ACTIVITY >>
If a record holds a picture, drop the picture and return the rest of the record word for word.

DATA LISTING >>

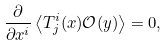<formula> <loc_0><loc_0><loc_500><loc_500>\frac { \partial } { \partial x ^ { i } } \left \langle T ^ { i } _ { j } ( x ) \mathcal { O } ( y ) \right \rangle = 0 ,</formula> 
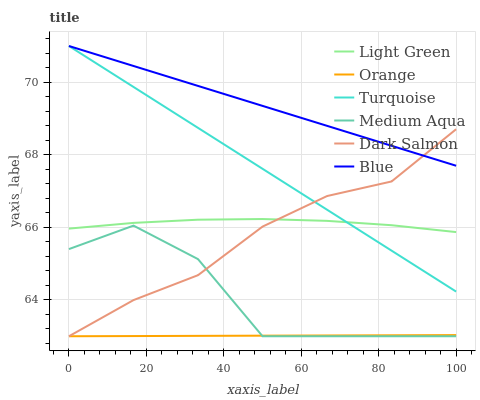Does Orange have the minimum area under the curve?
Answer yes or no. Yes. Does Blue have the maximum area under the curve?
Answer yes or no. Yes. Does Turquoise have the minimum area under the curve?
Answer yes or no. No. Does Turquoise have the maximum area under the curve?
Answer yes or no. No. Is Orange the smoothest?
Answer yes or no. Yes. Is Medium Aqua the roughest?
Answer yes or no. Yes. Is Turquoise the smoothest?
Answer yes or no. No. Is Turquoise the roughest?
Answer yes or no. No. Does Dark Salmon have the lowest value?
Answer yes or no. Yes. Does Turquoise have the lowest value?
Answer yes or no. No. Does Turquoise have the highest value?
Answer yes or no. Yes. Does Dark Salmon have the highest value?
Answer yes or no. No. Is Orange less than Turquoise?
Answer yes or no. Yes. Is Blue greater than Orange?
Answer yes or no. Yes. Does Medium Aqua intersect Orange?
Answer yes or no. Yes. Is Medium Aqua less than Orange?
Answer yes or no. No. Is Medium Aqua greater than Orange?
Answer yes or no. No. Does Orange intersect Turquoise?
Answer yes or no. No. 
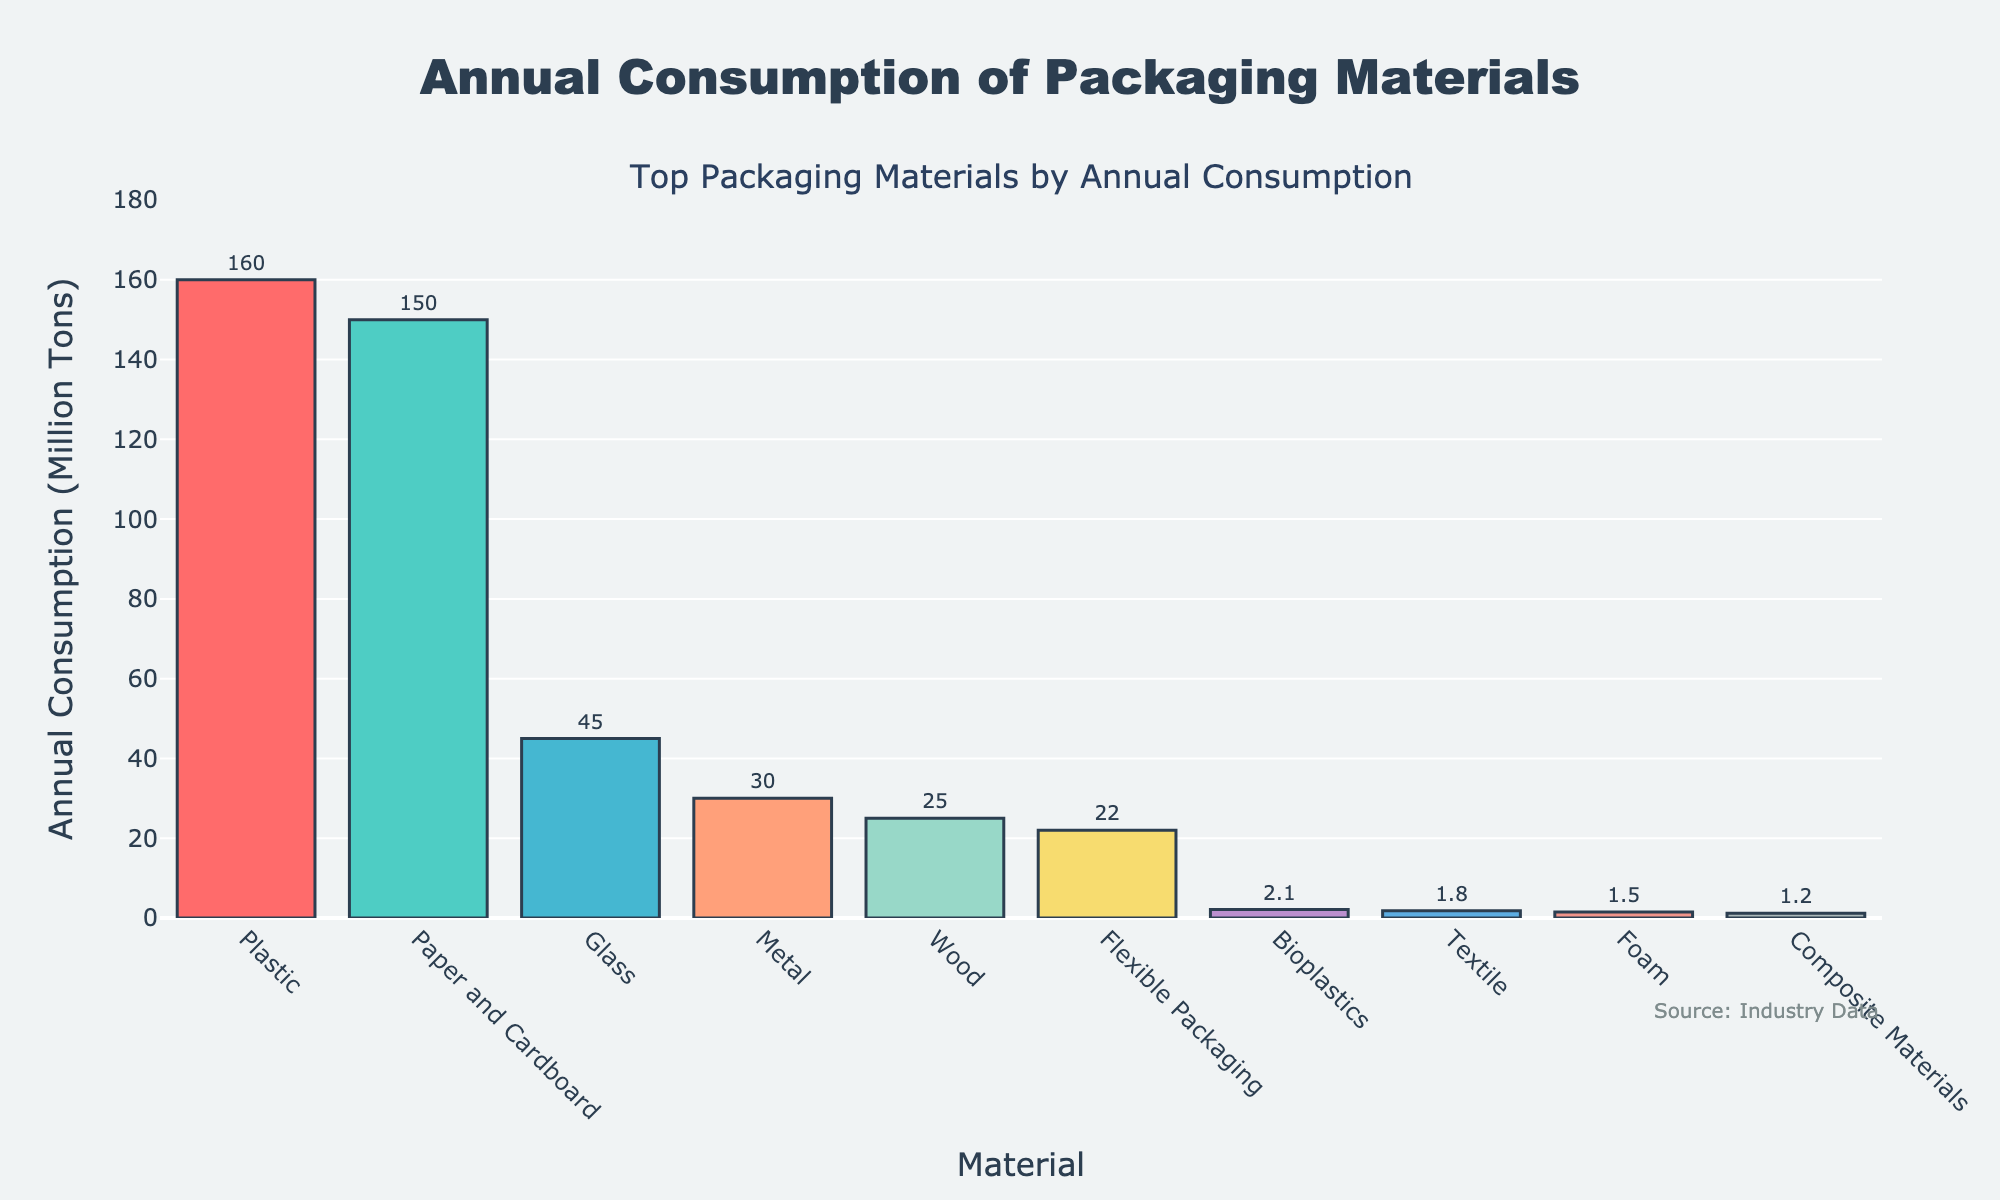What's the total annual consumption of the top three materials? The top three materials are Plastic (160 million tons), Paper and Cardboard (150 million tons), and Glass (45 million tons). Adding these together: 160 + 150 + 45 = 355 million tons.
Answer: 355 million tons Which material has higher annual consumption, Metal or Wood? The figure shows Metal with 30 million tons and Wood with 25 million tons, so Metal has higher annual consumption.
Answer: Metal What's the difference in annual consumption between Plastic and Bioplastics? Plastic has an annual consumption of 160 million tons while Bioplastics have 2.1 million tons. The difference is 160 - 2.1 = 157.9 million tons.
Answer: 157.9 million tons Which material ranks fourth in annual consumption? The materials are ranked by their annual consumption. The fourth one in the sorted list is Metal with 30 million tons.
Answer: Metal Which materials consume less than 5 million tons annually? The materials with annual consumption less than 5 million tons are Bioplastics (2.1 million tons), Textile (1.8 million tons), Foam (1.5 million tons), and Composite Materials (1.2 million tons).
Answer: Bioplastics, Textile, Foam, Composite Materials What’s the sum of the annual consumption for Flexible Packaging and Textile? Flexible Packaging has an annual consumption of 22 million tons and Textile has 1.8 million tons. Adding these together: 22 + 1.8 = 23.8 million tons.
Answer: 23.8 million tons What percentage of the total annual consumption does Paper and Cardboard represent? The total annual consumption is the sum of all materials, which is 160 + 150 + 45 + 30 + 25 + 22 + 2.1 + 1.8 + 1.5 + 1.2 = 438.6 million tons. Paper and Cardboard's percentage is (150 / 438.6) * 100 ≈ 34.2%.
Answer: 34.2% Which material is colored yellow in the figure? The yellow bar in the figure represents Flexible Packaging with 22 million tons of annual consumption.
Answer: Flexible Packaging 
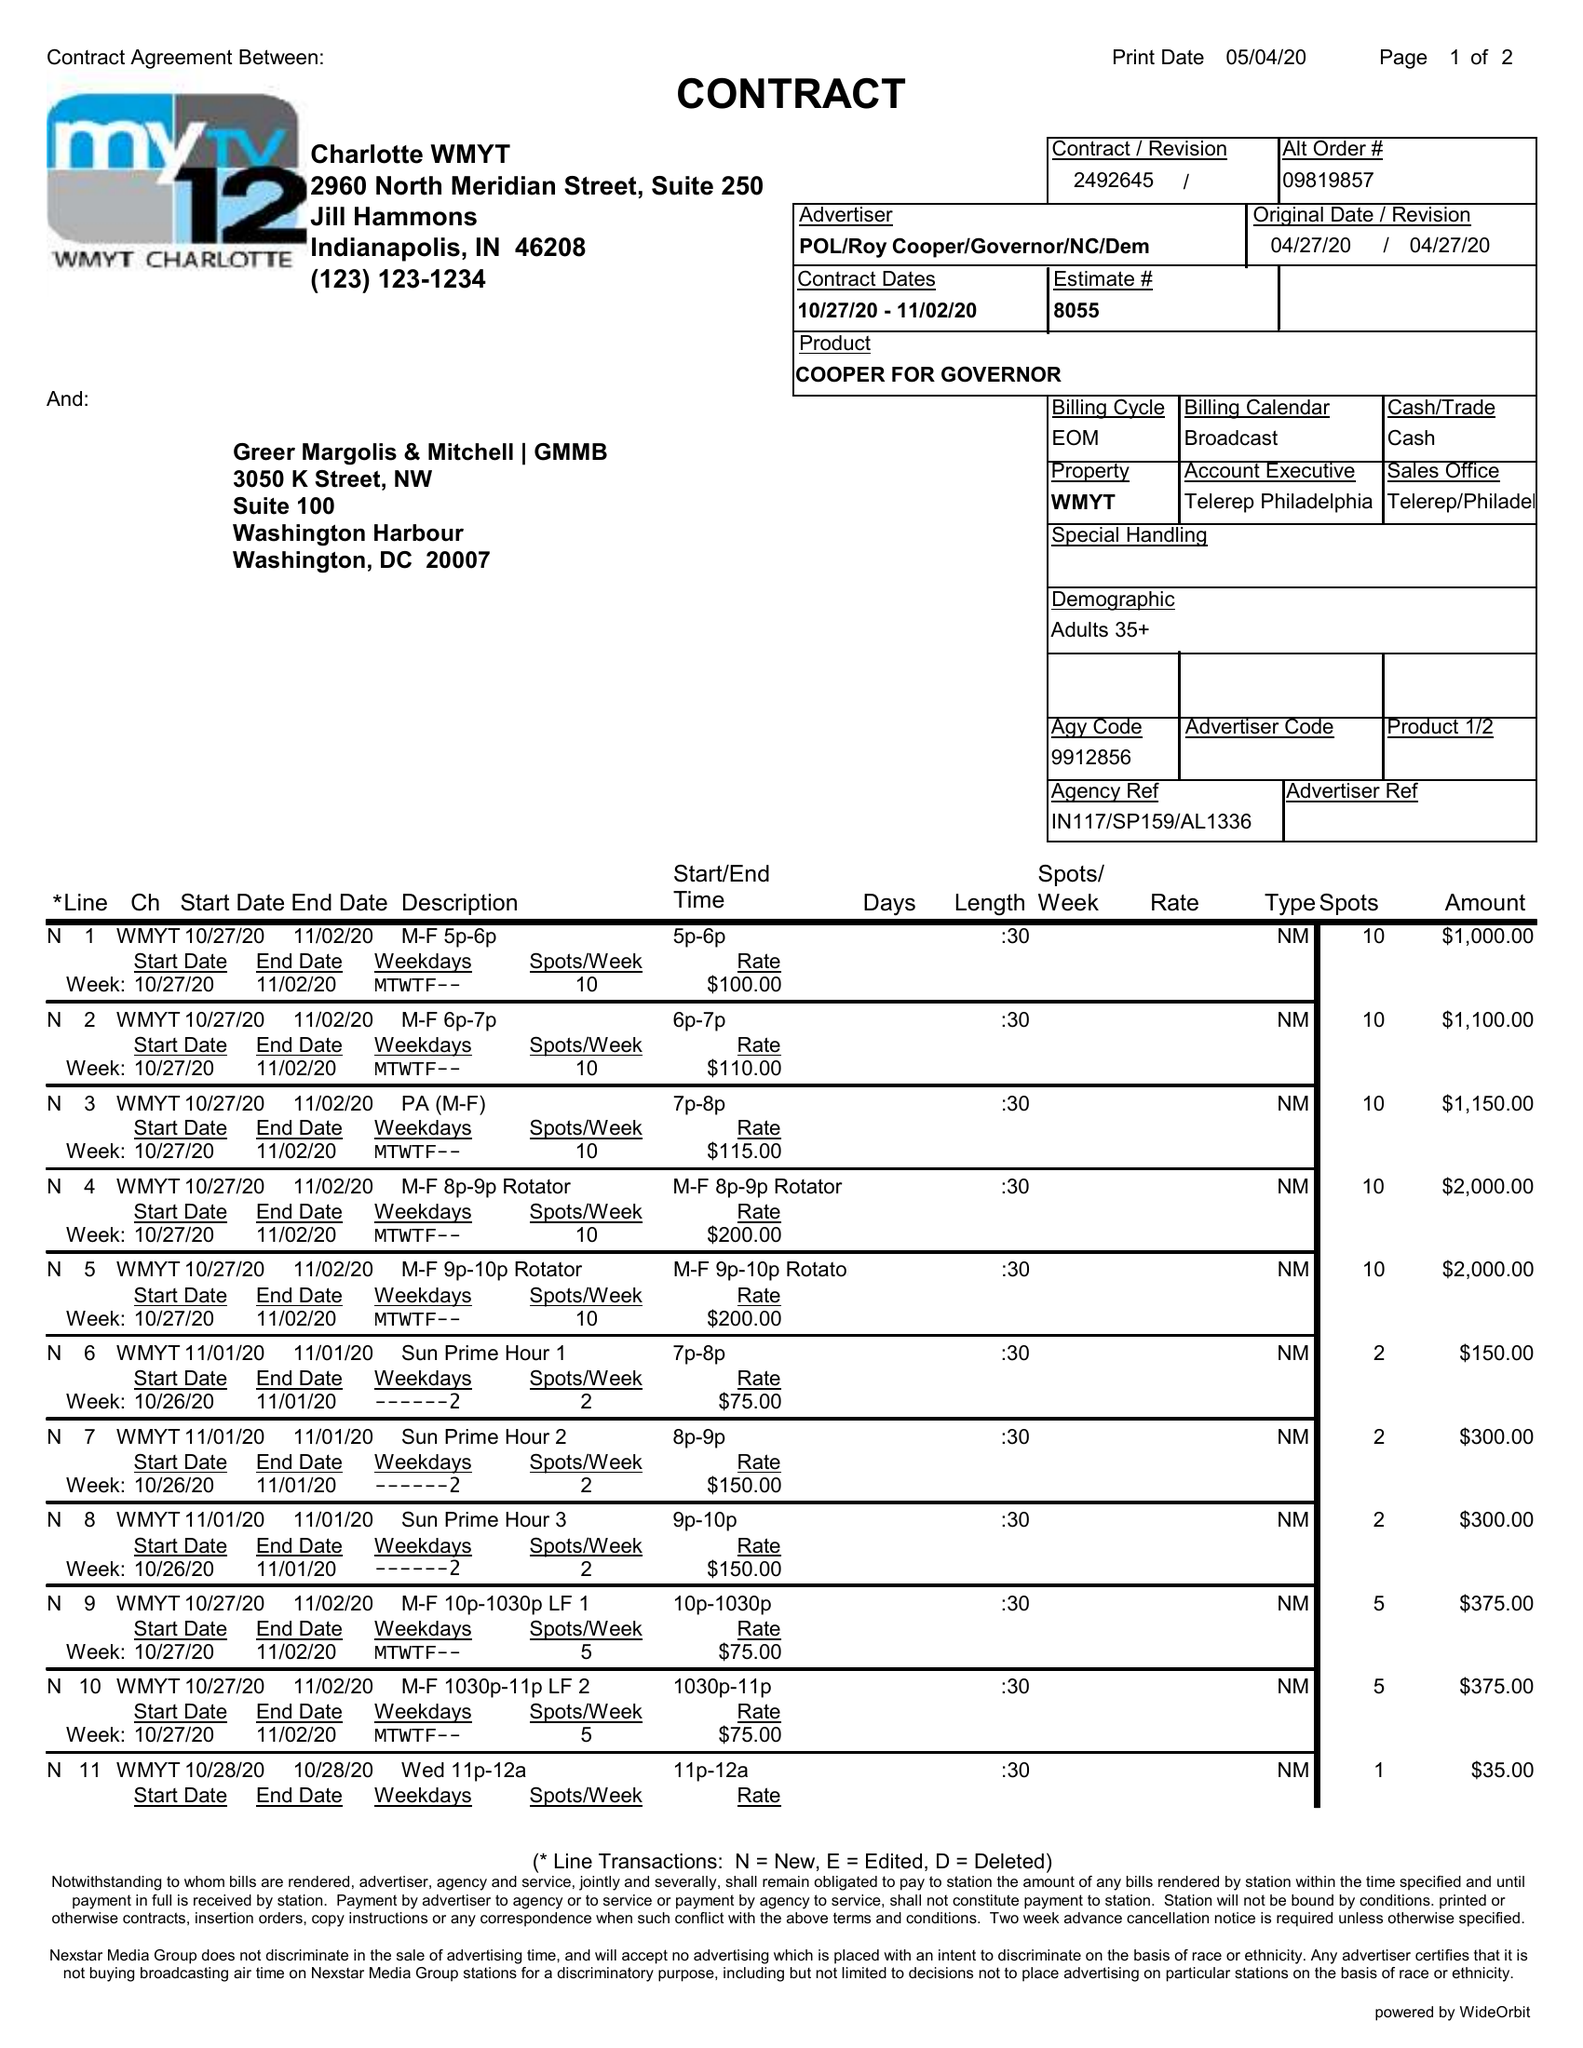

FINAL ANSWER >>
<formula> <loc_0><loc_0><loc_500><loc_500>\frac { \partial } { \partial x ^ { i } } \left \langle T ^ { i } _ { j } ( x ) \mathcal { O } ( y ) \right \rangle = 0 ,</formula> 
Does Orange have the minimum area under the curve?
Answer yes or no. Yes. Does Blue have the maximum area under the curve?
Answer yes or no. Yes. Does Turquoise have the minimum area under the curve?
Answer yes or no. No. Does Turquoise have the maximum area under the curve?
Answer yes or no. No. Is Orange the smoothest?
Answer yes or no. Yes. Is Medium Aqua the roughest?
Answer yes or no. Yes. Is Turquoise the smoothest?
Answer yes or no. No. Is Turquoise the roughest?
Answer yes or no. No. Does Dark Salmon have the lowest value?
Answer yes or no. Yes. Does Turquoise have the lowest value?
Answer yes or no. No. Does Turquoise have the highest value?
Answer yes or no. Yes. Does Dark Salmon have the highest value?
Answer yes or no. No. Is Orange less than Turquoise?
Answer yes or no. Yes. Is Blue greater than Orange?
Answer yes or no. Yes. Does Medium Aqua intersect Orange?
Answer yes or no. Yes. Is Medium Aqua less than Orange?
Answer yes or no. No. Is Medium Aqua greater than Orange?
Answer yes or no. No. Does Orange intersect Turquoise?
Answer yes or no. No. 
What's the total annual consumption of the top three materials? The top three materials are Plastic (160 million tons), Paper and Cardboard (150 million tons), and Glass (45 million tons). Adding these together: 160 + 150 + 45 = 355 million tons.
Answer: 355 million tons Which material has higher annual consumption, Metal or Wood? The figure shows Metal with 30 million tons and Wood with 25 million tons, so Metal has higher annual consumption.
Answer: Metal What's the difference in annual consumption between Plastic and Bioplastics? Plastic has an annual consumption of 160 million tons while Bioplastics have 2.1 million tons. The difference is 160 - 2.1 = 157.9 million tons.
Answer: 157.9 million tons Which material ranks fourth in annual consumption? The materials are ranked by their annual consumption. The fourth one in the sorted list is Metal with 30 million tons.
Answer: Metal Which materials consume less than 5 million tons annually? The materials with annual consumption less than 5 million tons are Bioplastics (2.1 million tons), Textile (1.8 million tons), Foam (1.5 million tons), and Composite Materials (1.2 million tons).
Answer: Bioplastics, Textile, Foam, Composite Materials What’s the sum of the annual consumption for Flexible Packaging and Textile? Flexible Packaging has an annual consumption of 22 million tons and Textile has 1.8 million tons. Adding these together: 22 + 1.8 = 23.8 million tons.
Answer: 23.8 million tons What percentage of the total annual consumption does Paper and Cardboard represent? The total annual consumption is the sum of all materials, which is 160 + 150 + 45 + 30 + 25 + 22 + 2.1 + 1.8 + 1.5 + 1.2 = 438.6 million tons. Paper and Cardboard's percentage is (150 / 438.6) * 100 ≈ 34.2%.
Answer: 34.2% Which material is colored yellow in the figure? The yellow bar in the figure represents Flexible Packaging with 22 million tons of annual consumption.
Answer: Flexible Packaging 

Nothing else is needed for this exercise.